I wish I still had the story, I had it on a flash drive that wasn't backed up and it got dropped in a coffee cup .... :/ anyway I wonder if I could remember it.
Might I suggest OneNote... It's the one thing Microsoft got (pretty much) right. You drag a file into your notebook, and boom, saved in the cloud.
@Thuggish, If only I could go back in time ....
This exercise rules. Great, unexpected short stories can arise from this, stuff that will even surprise you, as you write them:
1. Select a line from a poem that resonates with you. Feel free to substitute a line from anything really: a biography, a speech, a song, etc.
2. Next, consider a recent (perhaps troubling) dream.
3. Then, recall a problem you're having with another person.
4. Now, once you've got these items firmly in mind, write a fictional account that weaves these three disparate strands together, following the steps below:
1. Line from poem or whatever: write two paragraphs based on the line.

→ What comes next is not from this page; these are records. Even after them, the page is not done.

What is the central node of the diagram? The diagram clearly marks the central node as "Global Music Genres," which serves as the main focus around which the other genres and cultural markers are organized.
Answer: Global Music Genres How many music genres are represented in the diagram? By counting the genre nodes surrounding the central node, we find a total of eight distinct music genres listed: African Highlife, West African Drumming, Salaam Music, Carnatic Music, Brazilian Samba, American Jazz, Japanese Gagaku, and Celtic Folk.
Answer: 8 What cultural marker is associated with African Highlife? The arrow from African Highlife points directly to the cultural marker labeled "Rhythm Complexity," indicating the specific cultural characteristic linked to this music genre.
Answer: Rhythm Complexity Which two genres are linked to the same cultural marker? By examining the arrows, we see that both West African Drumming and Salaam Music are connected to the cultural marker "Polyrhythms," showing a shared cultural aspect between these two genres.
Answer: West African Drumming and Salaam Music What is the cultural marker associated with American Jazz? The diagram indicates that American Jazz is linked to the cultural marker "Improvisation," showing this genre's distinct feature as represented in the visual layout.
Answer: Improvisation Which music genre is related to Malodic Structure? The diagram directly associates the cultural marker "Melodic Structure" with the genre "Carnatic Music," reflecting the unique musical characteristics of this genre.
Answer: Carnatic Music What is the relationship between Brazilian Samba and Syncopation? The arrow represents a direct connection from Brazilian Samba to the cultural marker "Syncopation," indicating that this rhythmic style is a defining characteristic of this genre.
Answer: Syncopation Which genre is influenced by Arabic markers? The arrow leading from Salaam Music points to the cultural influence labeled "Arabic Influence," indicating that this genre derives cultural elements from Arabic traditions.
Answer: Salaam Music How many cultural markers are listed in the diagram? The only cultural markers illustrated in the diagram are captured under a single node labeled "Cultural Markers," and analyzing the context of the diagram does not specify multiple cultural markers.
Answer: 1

2. Dream: write two paragraphs using fragments or themes from your dream.
3. Problem: write two paragraphs concerning the conflict you had with another person.
4. Put it all together: weave the elements together any way you'd like. Follow your impulses. Something is probably already occurring to you.
And that's it! I find that this works best for short stories. The first time I tried it, the end story bore no resemblance to the paragraphs I started with and it felt like magic. Play loose with the rules; this isn't a strict exercise; do what works and what feels right.
p.s. The above exercise comes from "The Portable MFA In Creative Writing" from The New York Writers Workshop.
@ubik, I'm going to have to try that!
It's a lot of fun, Sue. I recommend using it loosely; do whatever works; follow your instincts. You should be surprised with what results from this exercise. I wouldn't mind writing an entire collection of stories using it for each one, just to see what comes out.
If any of you try the exercise I posted, let me know how they came out. Trust me, it's a lot of fun.